Les anciennes conditions de durée de mariage ont été supprimées, ainsi que la condition de non-remariage du survivant. Cette dernière condition demeure toutefois dans les régimes complémentaires Arrco et Agirc, ainsi que dans des régimes spéciaux. Dans ces régimes, le remariage fait perdre la pension de réversion.

 

Enfin, depuis le 1er janvier 2010, la pension de réversion est majorée de 11,1 %, sous certaines conditions :

  • le conjoint survivant doit être âgé d'au moins 65 ans,
  • il doit faire valoir tous ses droits à retraite (personnelle et de réversion à l'ensemble des régimes de base et complémentaires, français et étrangers...),
  • le montant total trimestriel de ces retraites ne doit pas dépasser 2 421,60 €  (montant au 1er avril 2010).

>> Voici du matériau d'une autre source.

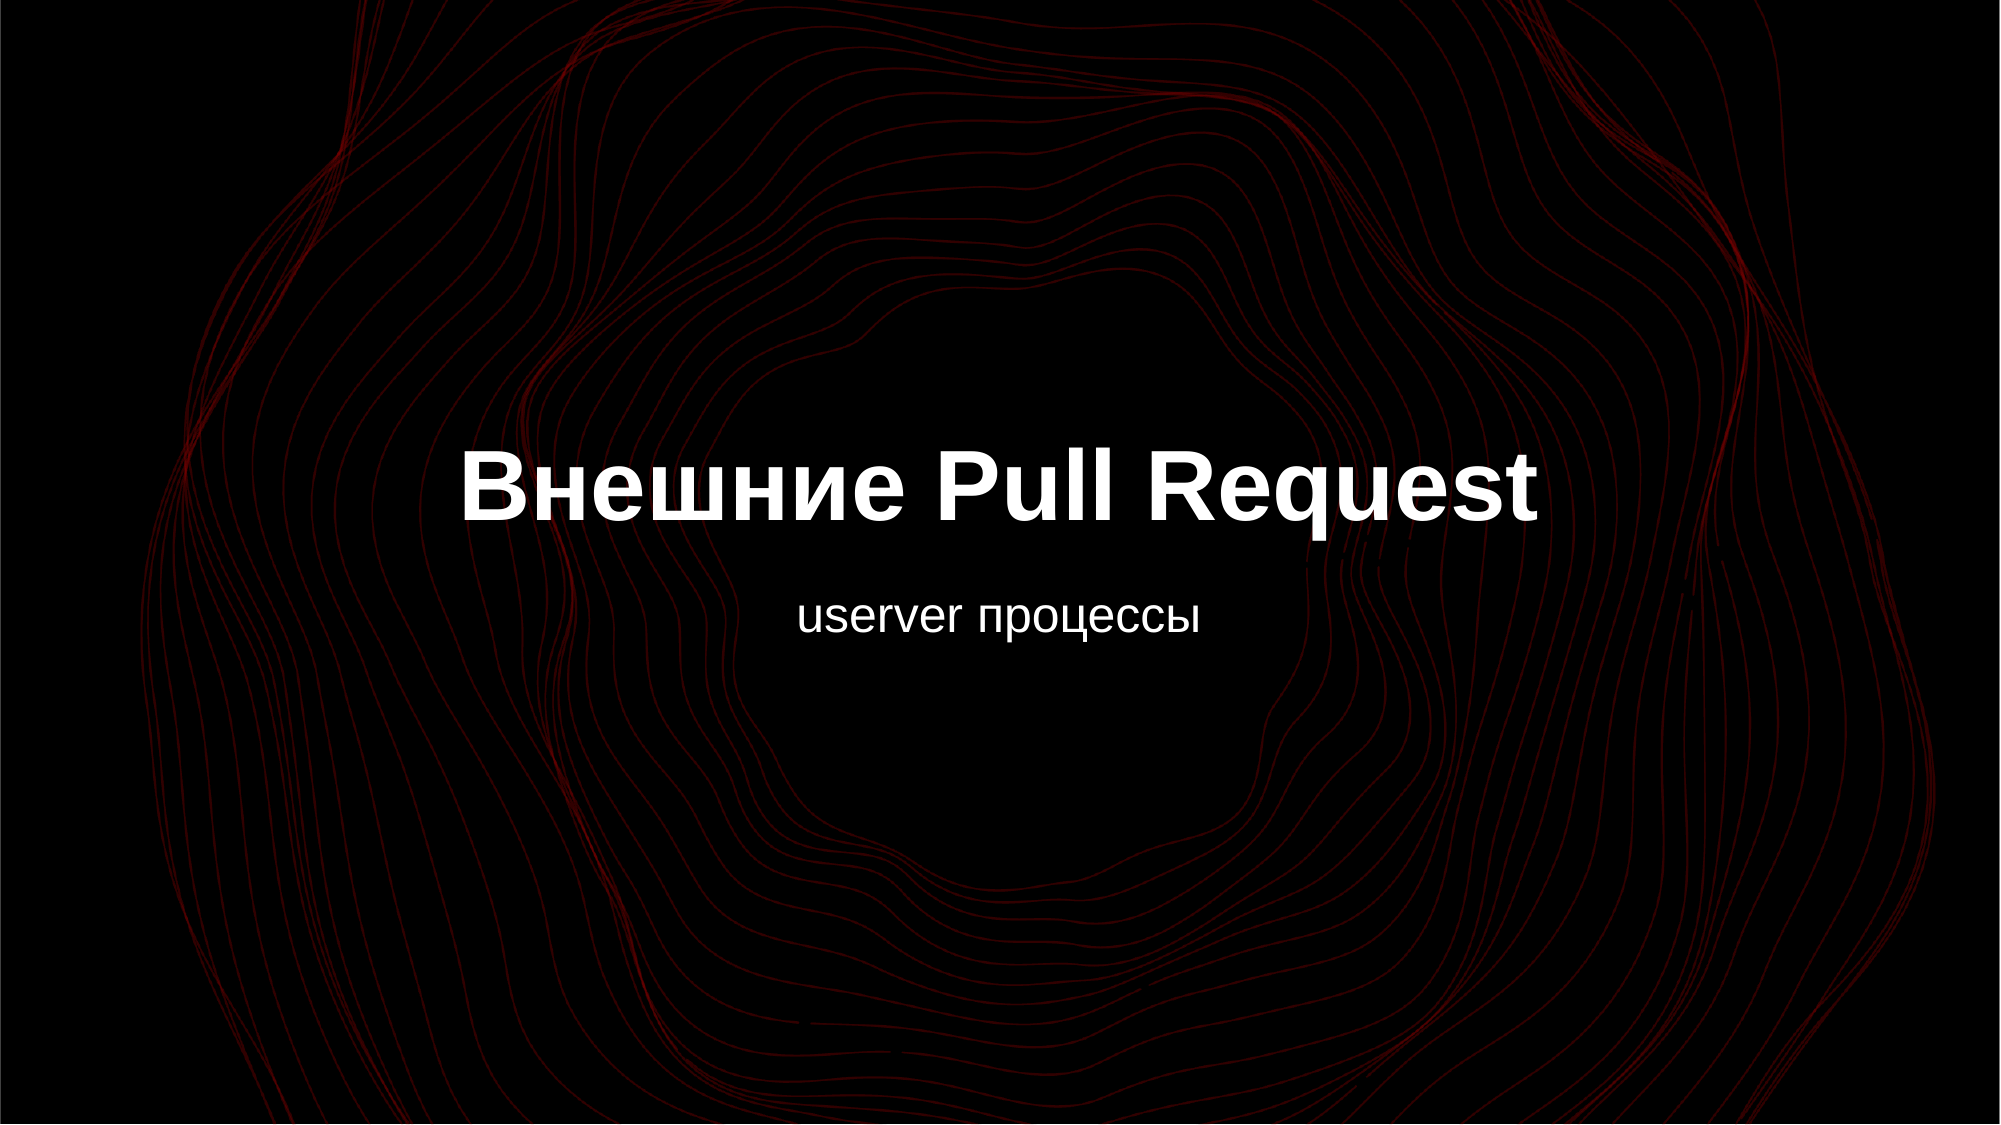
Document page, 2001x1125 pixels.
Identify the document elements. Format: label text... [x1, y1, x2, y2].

picture [0, 0, 2001, 1125]
list userver процессы [136, 582, 1862, 819]
title Внешние Pull Request [136, 431, 1862, 543]

Lorsque le montant total des pensions et de la majoration dépasse ce plafond, la majoration est réduite du montant du dépassement.

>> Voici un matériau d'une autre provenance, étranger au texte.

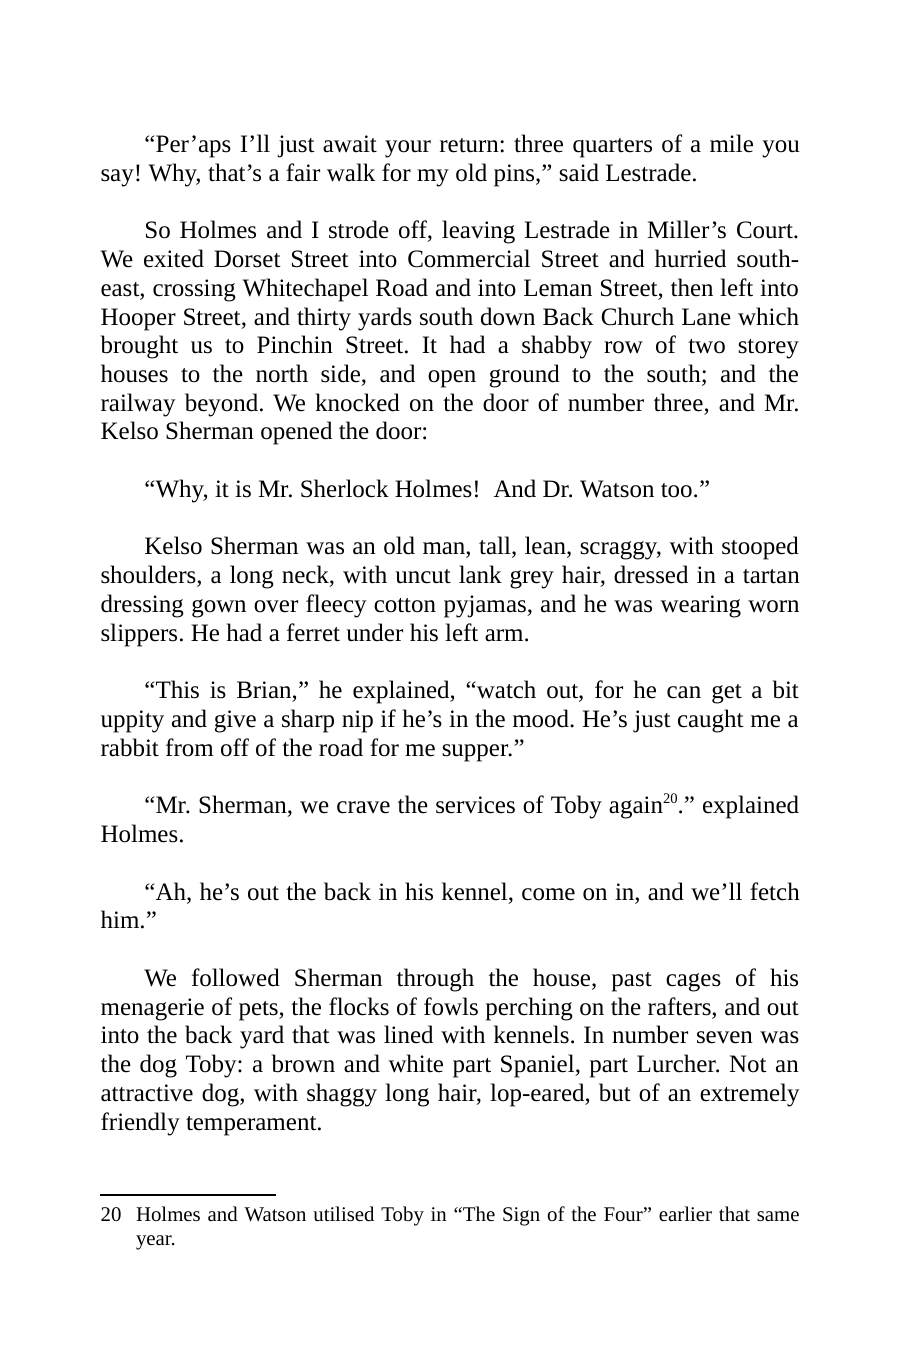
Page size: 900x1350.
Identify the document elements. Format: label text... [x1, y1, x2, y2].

La retraite complémentaire. Les modalités d’attribution diffèrent quelque peu pour les régimes complémentaires. Ainsi, aucune condition de ressources n’est fixée mais le remariage du conjoint survivant entraîne la suppression de la pension de réversion. En revanche, il en conserve le bénéfice s’il conclut un Pacs.

 

Le montant de la pension de réversion se situe entre 52 % et 60 % (**) des droits du conjoint décédé pour l’Agirc et s’élève à 60 % (**) de ces droits pour l’Arrco. L’âge minimum pour la percevoir est fixé à 55 ans par l’Arrco et 60 ans par l’Agirc (***). Elle peut également être partagée entre plusieurs bénéficiaires.

 

Dans tous les cas, concubins et personnes liées par un Pacs sont exclus du dispositif : seuls les conjoints mariés peuvent prétendre percevoir une pension de réversion. Son attribution n’est pas automatique. Le conjoint survivant doit en faire la demande au moyen d’un imprimé disponible dans les caisses de Sécurité sociale, sur le site Internet de la Cnav, dans les points d'accueil retraite ou dans les mairies. Cette demande doit ensuite être envoyée à la caisse régionale d'assurance maladie qui a reçu les dernières cotisations du défunt ou qui lui servait sa pension.

 

 

Les autres régimes. Conjoints d’artisan, d’agriculteur, de commerçant ou de membre d’une profession libérale peuvent également bénéficier d’une pension complémentaire de réversion. Les conditions requises et les montants perçus varient selon les cas et les régimes.

 

 

(*) Ou la disparition officiellement reconnue. 

(**) D’éventuelles majorations pour enfants à charge peuvent s’y ajouter. 

(***) Sauf si le conjoint survivant a au moins deux enfants à charge ou s’il est invalide au moment du décès de l’assuré.